To steal an ML model, an attacker often sends 'very similar versions' of the same image, which tells the attacker how the model reacts to very small changes in the input. You realized that an attacker might be trying to steal your image classification model. You're given two files - [1::model_queries.npy] a list of images that your model received as inputs and [2::user_query_indices.txt] a list of image indices (starts from zero) in [1] sent to your model by each user-id. In [2], each line contains the indices from a different user-id (e.g., the very first line is user-id 0, the second line is user-id 1). Can you help us find the attacker's user-ids (there are 20 of them)?
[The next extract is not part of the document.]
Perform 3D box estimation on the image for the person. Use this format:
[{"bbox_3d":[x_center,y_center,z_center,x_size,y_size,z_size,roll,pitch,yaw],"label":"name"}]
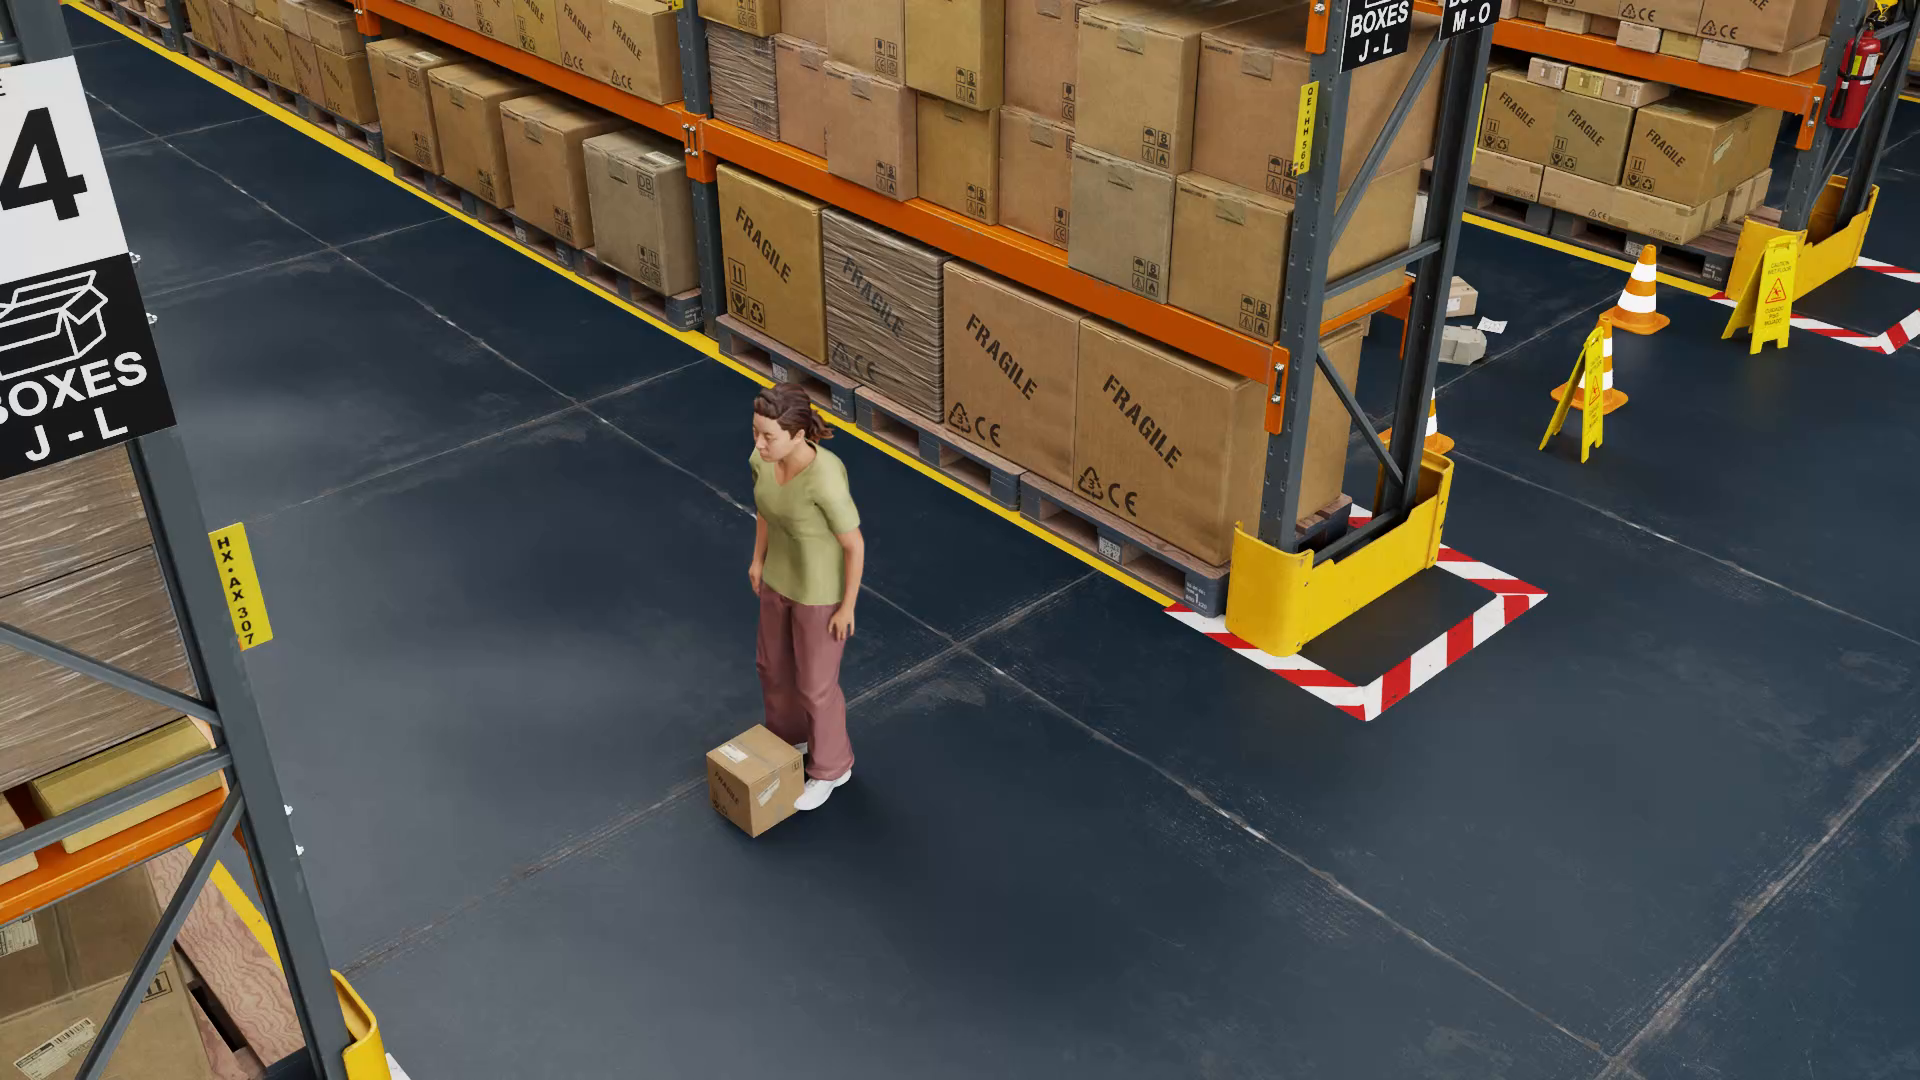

Note:: if there were 4 attacker user-ids (e.g., 82,54,13,36), the flag will be 'ictf82' (sorted, no quotes).

We know that each attacker user-id has sent at least 5 near-duplicate attack images.

Helpful resources

This challenge requires finding sets of near duplicate images in a dataset. This is an important task in ML pipelines for clustering images or finding copyright-violating images.

Image hashes tell whether two images look nearly identical.

Solution

This is a fun little data science challenge.

The key is to find near-duplicate images in a image dataset.

There are multiple ways to solve this, I'm using a fast perceptual hashing algorithm. Computing pairwise distances and finding very compact clusters would also work (though, it would be a less elegant solution.)

Such near-duplicate images are used in black-box adversarial attacks (slowly perturb an initial input to find the decision boundary) or in model stealing attacks. It would be good for students to learn about these attacks (I picked model stealing attacks to create a scenario for this challenge.)